Are you wondering if you can eat raw pizza dough? Look, I get it. If you’ve just made a delicious-looking pizza and you’re desperate to try it, it can be tempting to just pull it out of the oven before it’s fully cooked.
Most people assume that eating raw dough isn’t a big deal, and I’ve even known people in the past who have tasted raw pizza dough before rolling it into a pizza base to make sure the flavor is balanced.
But believe me when I say – this is NOT a good idea! This post will breakdown why that is for you, so you remain that little more patient before tasting your next pizza creation!
Answer: No, it is not a good idea, between bacteria and germs, you could find yourself getting very sick if you eat raw pizza dough.
Pizza Dough Is A Raw Product
The clue is sort of in the post’s title, right? But so many people don’t connect those dots with pizza dough. Imagine if the title of my post was ‘Can you eat raw chicken?’ – everybody would know the answer to that without having to read on. But for some reason pizza dough just isn’t treated with the same caution.
I’m not here to scaremonger, but raw pizza dough can actually be dangerous to your health and make you sick pretty fast if you’re not careful.

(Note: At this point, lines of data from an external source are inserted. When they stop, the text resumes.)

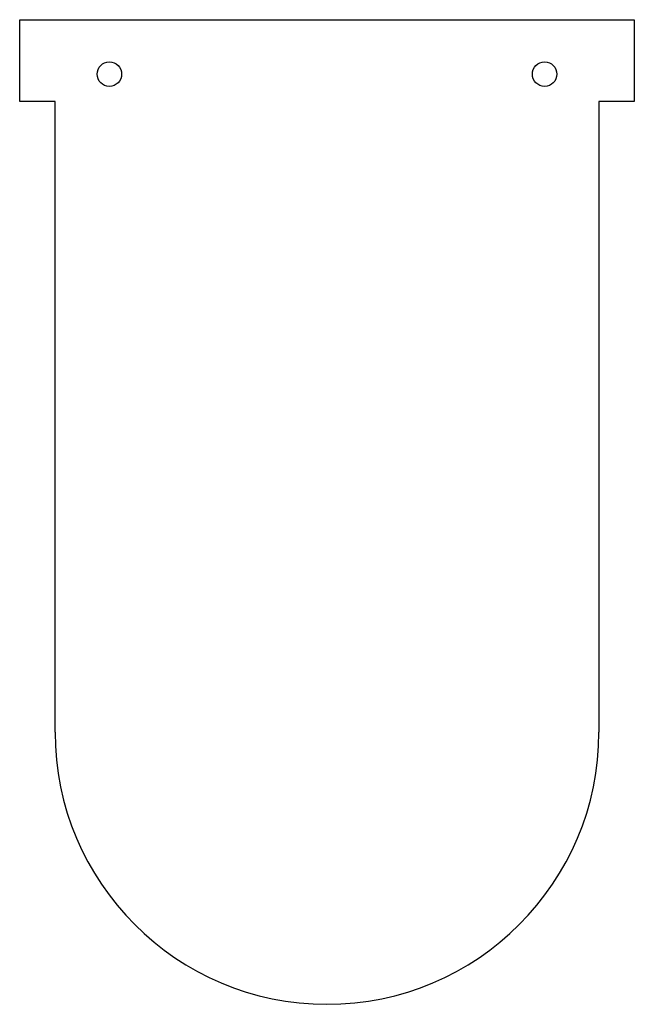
# Model space of a CAD drawing. Header units: millimetres. Extents: x -57 to 57, y -50 to 131.
import ezdxf

# ---------------------------------------------------------------- set-up
doc = ezdxf.new("R2010")
doc.units = ezdxf.units.MM

msp = doc.modelspace()

# ---------------------------------------------------------------- linework, layer by layer
at = {"color": 7, "linetype": 'Continuous', "lineweight": 25}
for p, q in [((-56.5, 115.85), (-56.5, 130.85)), ((-56.5, 130.85), (56.5, 130.85)), ((56.5, 130.85), (56.5, 115.85)), ((-50, 115.85), (-56.5, 115.85)), ((-50, 0), (-50, 115.85)), ((56.5, 115.85), (50, 115.85)), ((50, 115.85), (50, 0))]:
    msp.add_line(p, q, dxfattribs=at)
for centre in [(-40, 120.85), (40, 120.85)]:
    msp.add_circle(centre, 2.25, dxfattribs=at)
msp.add_arc((0, 0), 50, 180, 0, dxfattribs=at)

doc.saveas('drawing.dxf')

Flour, a key ingredient in pizza dough, is a raw ingredient.
This means that it hasn’t been heated at any point in its development to kill bacteria. E. Coli and other harmful bacteria can thrive in flour packets, and the only way to kill them is with heat. If you don’t cook your pizza dough, then the flour inside it can cause food poisoning, and that’s something you definitely want to avoid!
Another concern is raw eggs, which again, we use in pizza dough. Raw eggs can carry Salmonella, another good friend of food poisoning, and without cooking it thoroughly, you run the risk of this bacteria sticking around in your pizza dough and making you and your guests sick quickly.
CDC Warnings On Raw Dough
Now, if my warning wasn’t enough for you, then maybe the ‘Centers for Disease Control and Prevention’ warning will cut it. The CDC has posted online about this very topic under their ‘Basic Food Safety’ tips.
Basic, that means that everybody should know that eating raw dough is potentially very harmful and therefore avoid it altogether. Read more on the CDC’s guidance with eating raw dough here.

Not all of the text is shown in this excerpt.